In some experiments, primary cortical neurons from APP/PS1 mice were transduced with myristoylated Akt1 (42) lentiviral particles to observe the effects of Akt1 overexpression on BDNF-stimulated protein translation. The pBSFI-myr-akt1 was a gift from Dr. Peter Vogt (Addgene plasmid# 49186); pMD2.G and psPAX2 were a gift from Dr. Didier Trono (Addgene Plasmid# 12259, 12260). The pRRLsinPPTeGFP plasmid (pLenti-GFP) was kindly provided by Dr. Philip A. Barker (McGill University, Montreal, QC, Canada). Mouse myr-akt1 open reading frame was amplified by PCR to encode BamHI and SalI restriction sites at the 5′ and 3′ ends, respectively. These products were gel purified and ligated into a pRRLsinPPTeGFP vector to generate pRRLsinPPTmyr-Akt1. Lentiviral particles were produced using second-generation lentiviral systems in HEK293T cells; particles were purified by ultra centrifugation and resuspended in Neurobasal-A medium, and the amount of active particles was determined by titration in HEK293T cells. Primary cortical neurons from APP/PS1 mice were transduced on DIV13 and experiments were performed on DIV15-16. Untransduced cultures from the same batch were used as controls. Akt1 overexpression was confirmed by immunostaining for Akt1.
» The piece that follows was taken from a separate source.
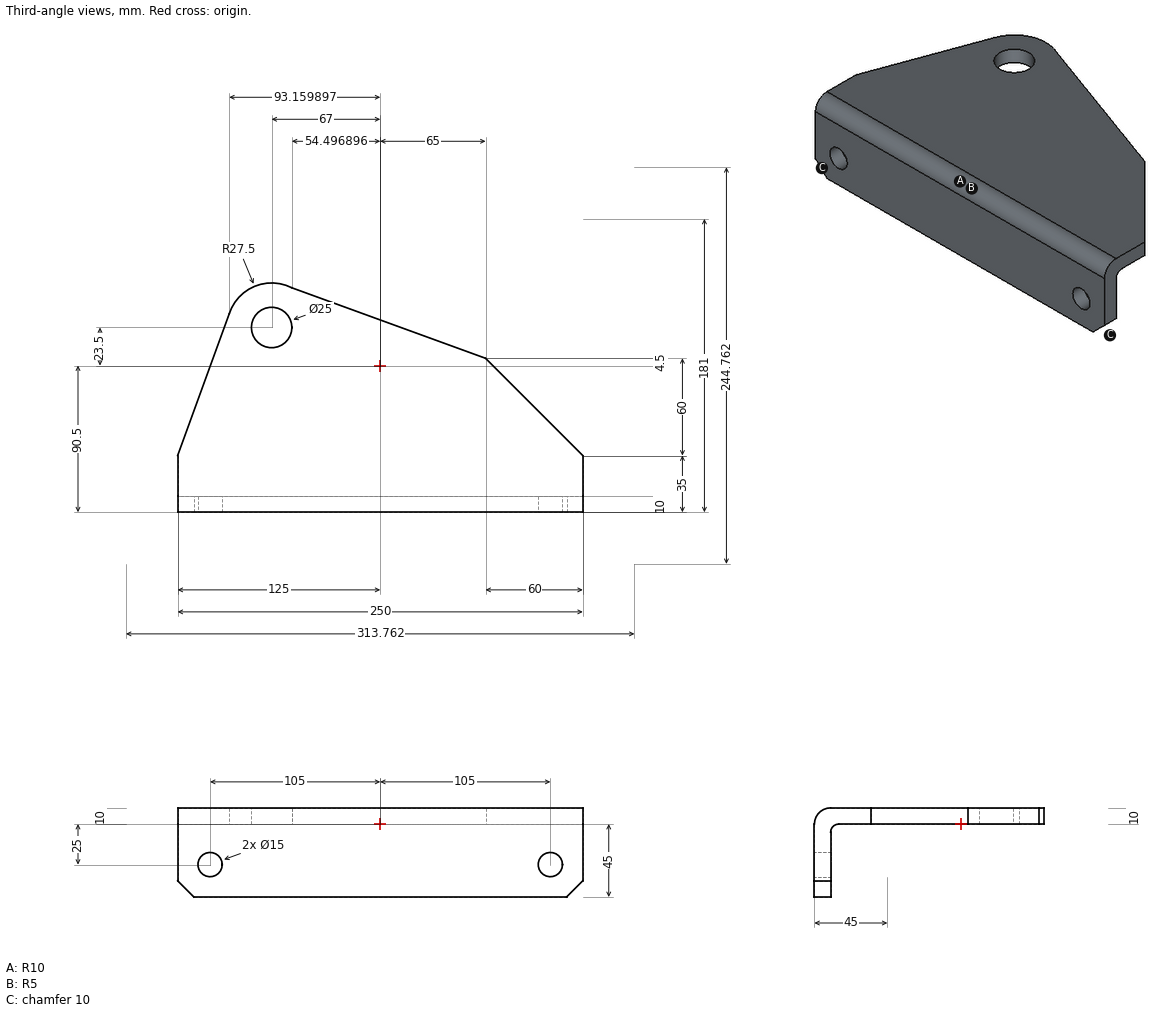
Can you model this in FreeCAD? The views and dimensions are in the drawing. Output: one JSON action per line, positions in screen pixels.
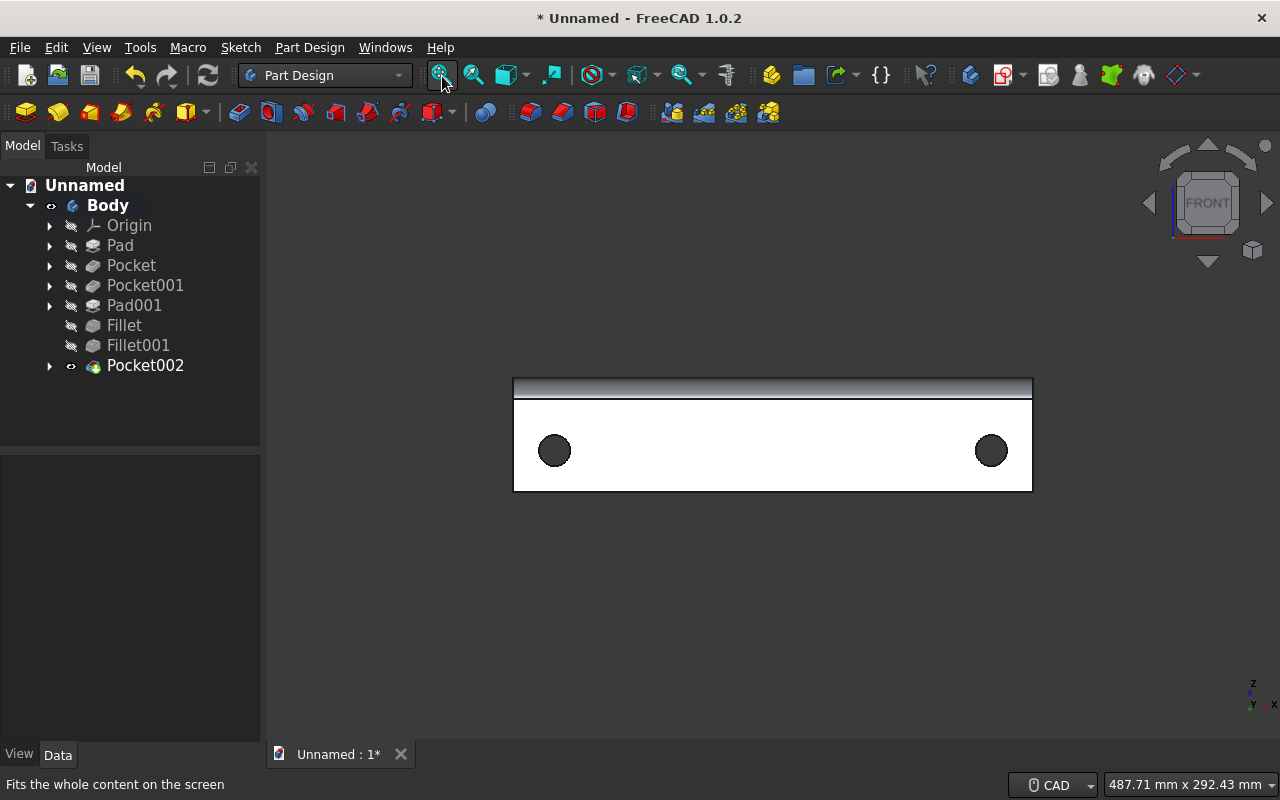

Images were acquired using Zeiss LSM780 and analyzed using Metamorph software (Molecular Devices LLC).

Statistics

Outliers from the data set were removed by employing a widely used and accepted statistical method of outlier removal based on median absolute deviation (25). Statistical comparisons were made by using unpaired two-tailed Student's t-test. Multiple groups were compared using one-way analyses of variance followed by post hoc tests with Newman–Keuls correction.